Description of the task: Please write out, exactly as given, every line of the entries below up to and including the line with "Numbers: x, y, z, sx, sy, sz, roll, pitch, yaw. Lengths".
[Opening Material provided section]
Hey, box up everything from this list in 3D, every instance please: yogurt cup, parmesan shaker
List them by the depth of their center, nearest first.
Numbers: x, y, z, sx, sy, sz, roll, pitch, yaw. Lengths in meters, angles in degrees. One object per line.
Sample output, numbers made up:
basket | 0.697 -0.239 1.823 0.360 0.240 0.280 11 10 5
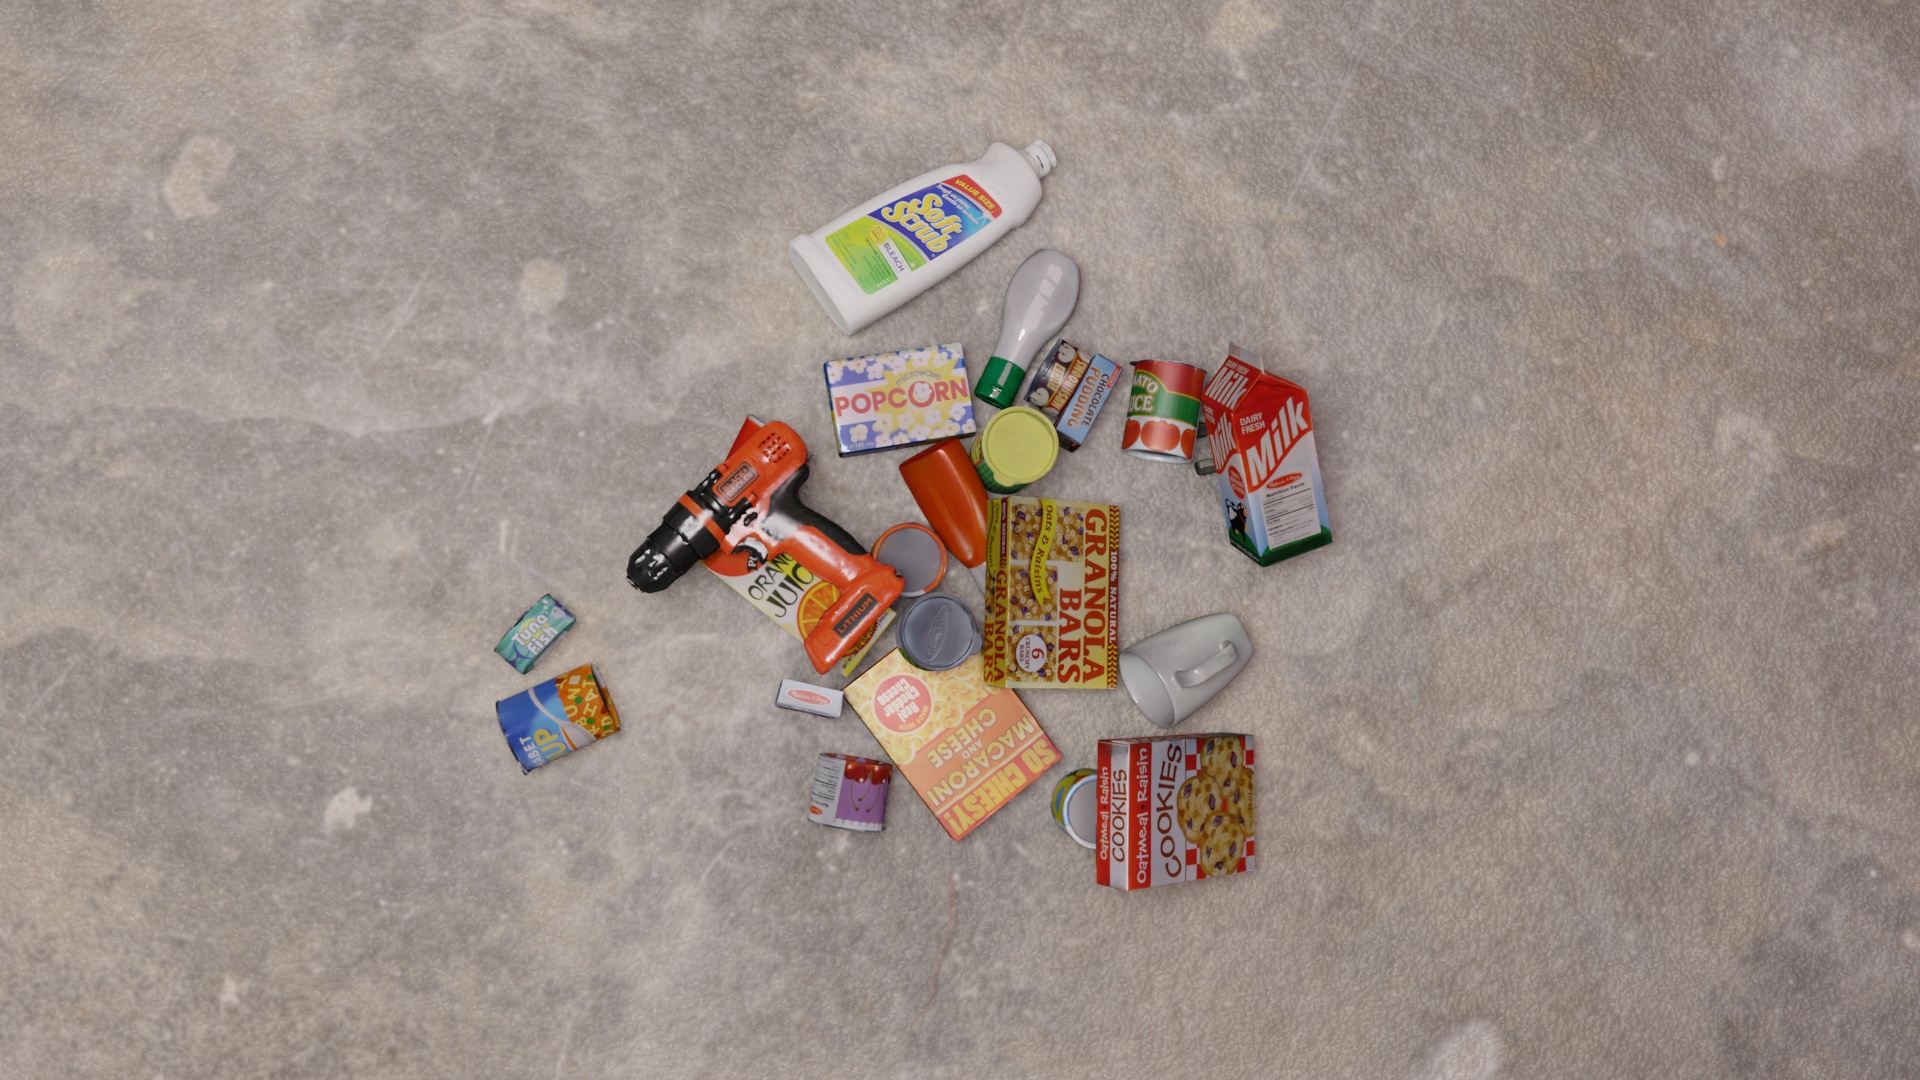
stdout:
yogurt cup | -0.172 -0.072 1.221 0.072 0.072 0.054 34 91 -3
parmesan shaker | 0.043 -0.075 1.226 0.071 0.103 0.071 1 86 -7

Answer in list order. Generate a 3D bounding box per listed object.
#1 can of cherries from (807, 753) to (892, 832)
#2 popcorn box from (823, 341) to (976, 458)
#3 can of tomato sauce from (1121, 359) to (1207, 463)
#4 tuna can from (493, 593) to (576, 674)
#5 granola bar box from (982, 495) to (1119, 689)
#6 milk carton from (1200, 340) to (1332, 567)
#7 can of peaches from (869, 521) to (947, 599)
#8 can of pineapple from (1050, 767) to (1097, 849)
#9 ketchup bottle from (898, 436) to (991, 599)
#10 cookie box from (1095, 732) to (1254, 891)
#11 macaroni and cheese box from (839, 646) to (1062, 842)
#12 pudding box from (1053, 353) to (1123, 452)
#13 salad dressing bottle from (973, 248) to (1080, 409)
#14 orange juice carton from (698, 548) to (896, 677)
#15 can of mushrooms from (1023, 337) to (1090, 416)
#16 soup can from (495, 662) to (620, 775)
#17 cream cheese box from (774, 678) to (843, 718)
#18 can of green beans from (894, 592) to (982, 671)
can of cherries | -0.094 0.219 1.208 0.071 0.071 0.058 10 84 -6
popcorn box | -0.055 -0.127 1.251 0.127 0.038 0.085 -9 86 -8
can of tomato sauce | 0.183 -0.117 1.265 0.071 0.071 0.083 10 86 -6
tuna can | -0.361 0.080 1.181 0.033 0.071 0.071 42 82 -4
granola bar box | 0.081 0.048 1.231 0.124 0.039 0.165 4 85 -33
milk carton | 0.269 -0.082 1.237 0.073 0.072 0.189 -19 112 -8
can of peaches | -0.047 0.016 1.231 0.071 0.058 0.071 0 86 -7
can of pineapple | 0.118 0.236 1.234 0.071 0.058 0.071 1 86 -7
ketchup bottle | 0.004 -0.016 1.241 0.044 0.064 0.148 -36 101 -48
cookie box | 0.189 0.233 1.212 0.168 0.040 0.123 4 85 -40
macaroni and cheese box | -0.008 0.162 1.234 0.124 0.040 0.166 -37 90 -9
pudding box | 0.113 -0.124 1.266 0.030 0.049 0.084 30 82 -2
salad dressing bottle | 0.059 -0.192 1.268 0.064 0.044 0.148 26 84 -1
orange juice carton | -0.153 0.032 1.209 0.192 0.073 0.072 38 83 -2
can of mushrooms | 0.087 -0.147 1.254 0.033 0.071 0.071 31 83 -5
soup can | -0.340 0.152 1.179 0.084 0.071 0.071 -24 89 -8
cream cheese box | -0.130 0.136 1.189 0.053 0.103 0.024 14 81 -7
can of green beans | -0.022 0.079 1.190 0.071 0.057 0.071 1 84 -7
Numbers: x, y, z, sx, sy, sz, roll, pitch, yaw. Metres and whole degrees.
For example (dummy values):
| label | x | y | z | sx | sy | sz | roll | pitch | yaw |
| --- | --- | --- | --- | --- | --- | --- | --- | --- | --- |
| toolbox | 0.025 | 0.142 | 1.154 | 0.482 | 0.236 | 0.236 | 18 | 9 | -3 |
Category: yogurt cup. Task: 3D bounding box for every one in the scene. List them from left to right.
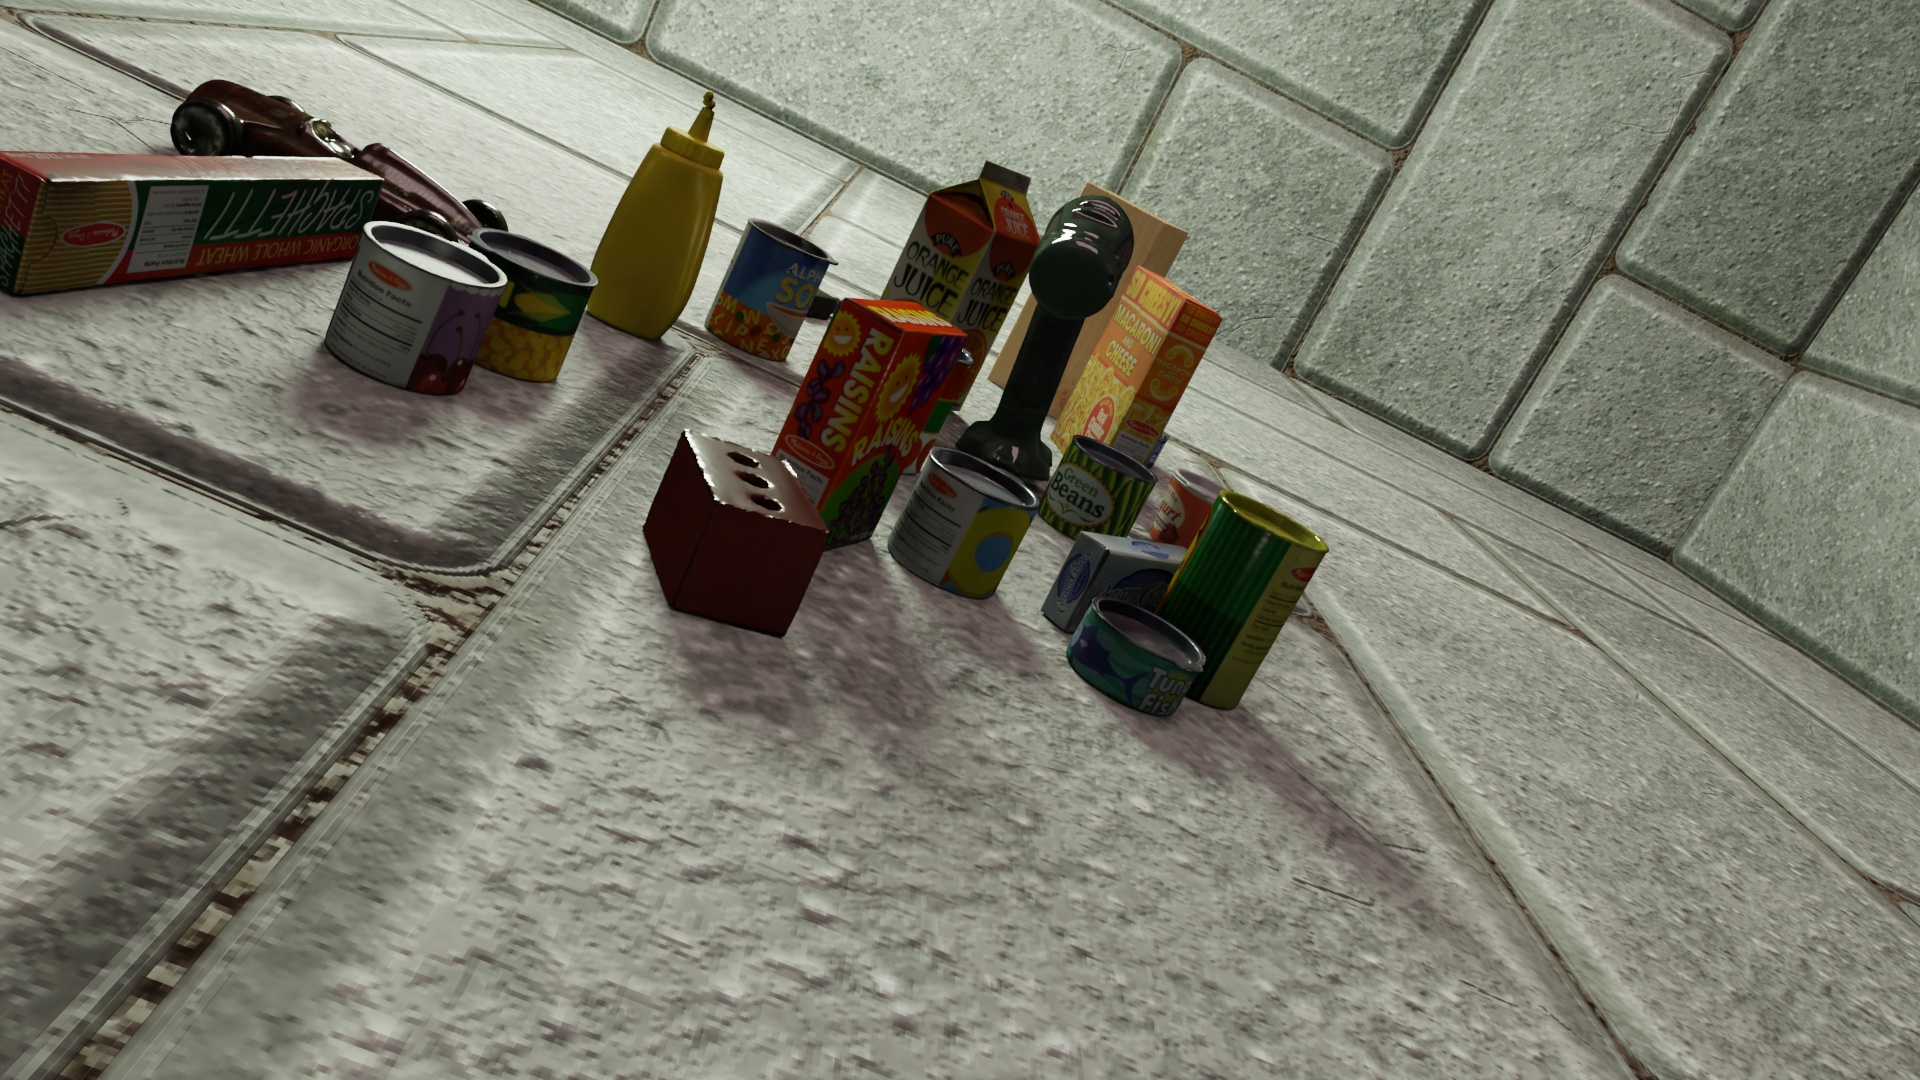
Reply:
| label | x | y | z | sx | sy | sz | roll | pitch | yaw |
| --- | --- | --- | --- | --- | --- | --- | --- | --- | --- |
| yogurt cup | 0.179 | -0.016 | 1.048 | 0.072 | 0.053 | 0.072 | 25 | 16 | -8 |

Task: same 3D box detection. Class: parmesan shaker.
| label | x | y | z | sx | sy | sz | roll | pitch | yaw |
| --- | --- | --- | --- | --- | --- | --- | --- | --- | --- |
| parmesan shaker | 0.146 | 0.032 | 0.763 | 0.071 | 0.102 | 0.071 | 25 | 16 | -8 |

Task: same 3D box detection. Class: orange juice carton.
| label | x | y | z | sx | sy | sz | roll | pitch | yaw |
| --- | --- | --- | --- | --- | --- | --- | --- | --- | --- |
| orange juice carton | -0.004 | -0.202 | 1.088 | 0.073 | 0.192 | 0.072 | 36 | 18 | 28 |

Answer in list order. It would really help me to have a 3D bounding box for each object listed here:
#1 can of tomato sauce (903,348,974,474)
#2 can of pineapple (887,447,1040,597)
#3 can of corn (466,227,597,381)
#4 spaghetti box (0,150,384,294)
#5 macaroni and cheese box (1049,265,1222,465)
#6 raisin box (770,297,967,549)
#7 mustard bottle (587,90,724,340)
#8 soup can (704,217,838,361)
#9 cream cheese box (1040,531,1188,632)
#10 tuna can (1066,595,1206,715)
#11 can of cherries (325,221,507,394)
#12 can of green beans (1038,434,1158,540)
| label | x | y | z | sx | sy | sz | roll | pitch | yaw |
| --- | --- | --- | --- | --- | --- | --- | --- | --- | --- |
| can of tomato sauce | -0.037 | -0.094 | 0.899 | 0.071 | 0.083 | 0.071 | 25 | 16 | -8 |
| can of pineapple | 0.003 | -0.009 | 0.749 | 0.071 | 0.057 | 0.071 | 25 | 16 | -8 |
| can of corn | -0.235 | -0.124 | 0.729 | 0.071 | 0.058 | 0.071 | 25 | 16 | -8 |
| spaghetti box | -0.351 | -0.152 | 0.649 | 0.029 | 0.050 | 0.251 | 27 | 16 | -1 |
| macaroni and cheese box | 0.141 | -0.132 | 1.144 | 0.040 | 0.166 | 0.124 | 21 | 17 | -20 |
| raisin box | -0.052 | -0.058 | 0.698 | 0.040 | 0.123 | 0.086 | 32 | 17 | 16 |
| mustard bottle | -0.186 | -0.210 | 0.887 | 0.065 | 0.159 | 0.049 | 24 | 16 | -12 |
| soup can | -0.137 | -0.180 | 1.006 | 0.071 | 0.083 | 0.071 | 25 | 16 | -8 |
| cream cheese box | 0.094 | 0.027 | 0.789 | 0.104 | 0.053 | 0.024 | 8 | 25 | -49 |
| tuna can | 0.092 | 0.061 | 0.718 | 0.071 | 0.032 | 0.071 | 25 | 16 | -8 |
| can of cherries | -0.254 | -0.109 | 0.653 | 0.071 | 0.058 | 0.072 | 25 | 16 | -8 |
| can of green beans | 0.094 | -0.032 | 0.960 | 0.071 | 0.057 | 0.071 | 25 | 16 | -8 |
[Closing Material provided section]
Answer box:
Hey, box up everything from this list in 3D, every instance please: yogurt cup, parmesan shaker
List them by the depth of their center, nearest first.
Numbers: x, y, z, sx, sy, sz, roll, pitch, yaw. Lengths in meters, angles in degrees. One object per line.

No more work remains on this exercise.